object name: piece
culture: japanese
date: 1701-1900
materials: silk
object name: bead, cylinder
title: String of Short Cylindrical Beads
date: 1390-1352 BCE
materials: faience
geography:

TASK PROMPT: Output the material above, all of it, exactly.

EXERCISE RESPONSE:
object name: piece
culture: japanese
date: 1701-1900
materials: silk
object name: bead, cylinder
title: String of Short Cylindrical Beads
date: 1390-1352 BCE
materials: faience
geography:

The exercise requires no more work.